[Listed records]

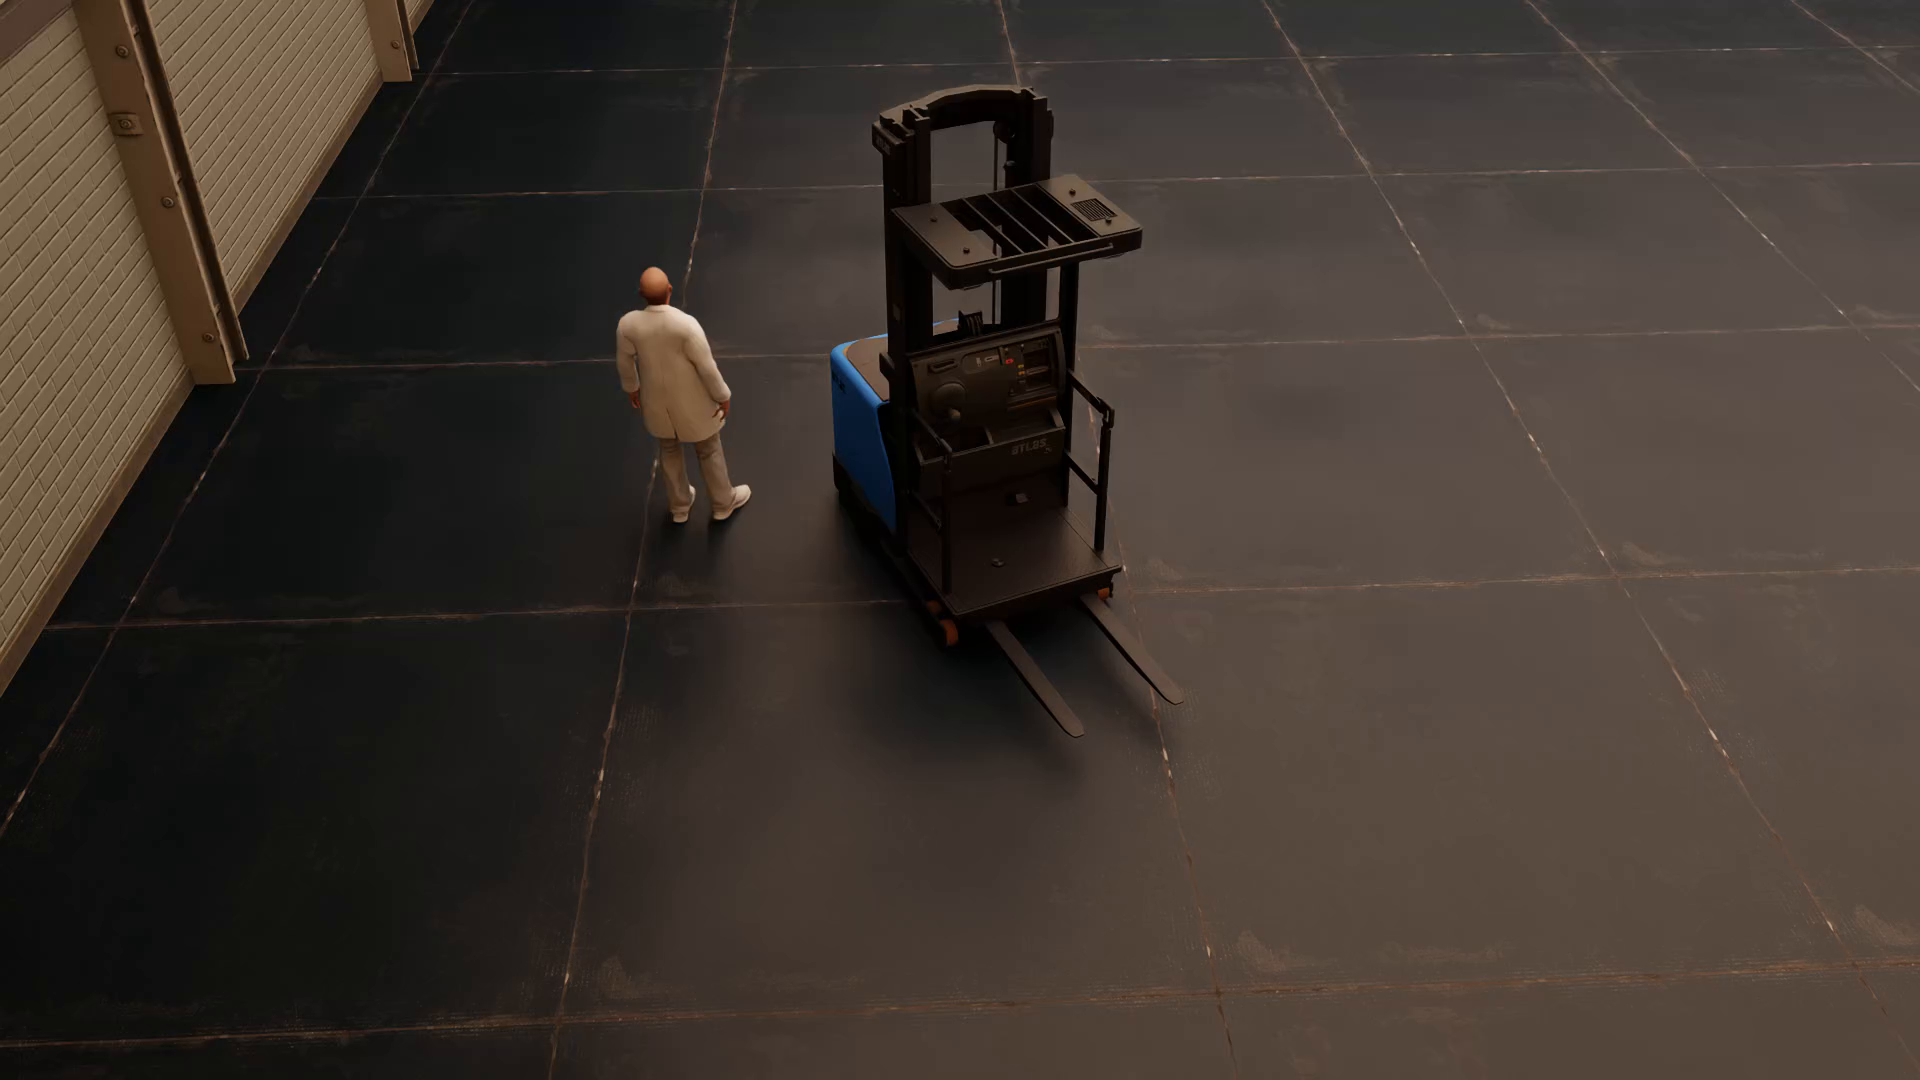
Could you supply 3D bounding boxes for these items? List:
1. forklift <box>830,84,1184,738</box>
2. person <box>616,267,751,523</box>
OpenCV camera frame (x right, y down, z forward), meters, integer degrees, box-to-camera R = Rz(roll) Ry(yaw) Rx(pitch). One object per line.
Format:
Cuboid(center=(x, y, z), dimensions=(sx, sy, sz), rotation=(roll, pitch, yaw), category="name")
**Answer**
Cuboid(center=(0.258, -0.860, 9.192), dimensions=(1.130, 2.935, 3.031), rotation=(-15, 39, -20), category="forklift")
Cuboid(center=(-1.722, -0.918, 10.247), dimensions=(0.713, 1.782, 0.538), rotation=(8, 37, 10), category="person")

[/Listed records]
[Listed records]

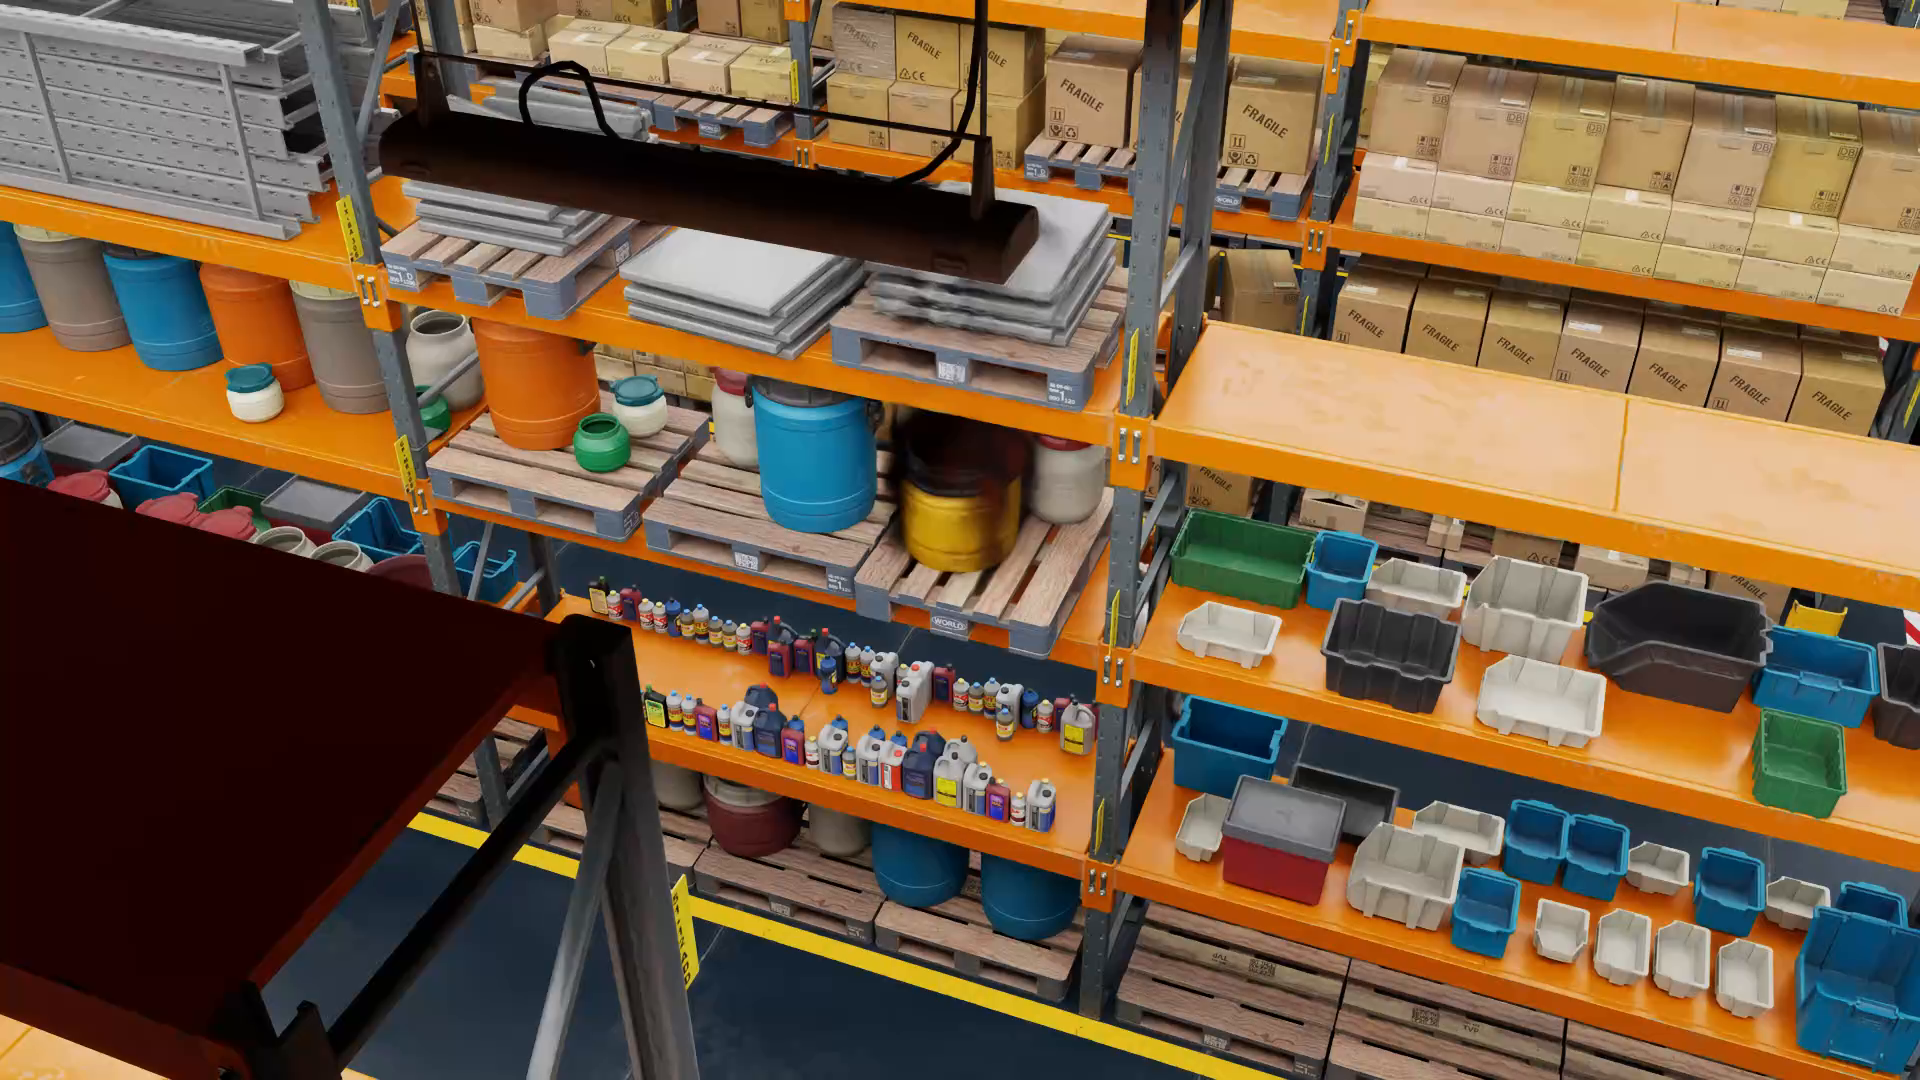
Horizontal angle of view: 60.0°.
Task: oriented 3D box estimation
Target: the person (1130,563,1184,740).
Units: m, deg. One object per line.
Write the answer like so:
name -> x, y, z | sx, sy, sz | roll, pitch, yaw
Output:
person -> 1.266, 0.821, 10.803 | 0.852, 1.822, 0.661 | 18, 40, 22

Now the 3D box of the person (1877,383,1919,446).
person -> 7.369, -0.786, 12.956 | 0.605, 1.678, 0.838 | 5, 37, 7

[/Listed records]

What is needed
Across the entries above, find the lines with the string "object" and copy them.

Final answer
OpenCV camera frame (x right, y down, z forward), meters, integer degrees, box-to-camera R = Rz(roll) Ry(yaw) Rx(pitch). One object per line.
Units: m, deg. One object per line.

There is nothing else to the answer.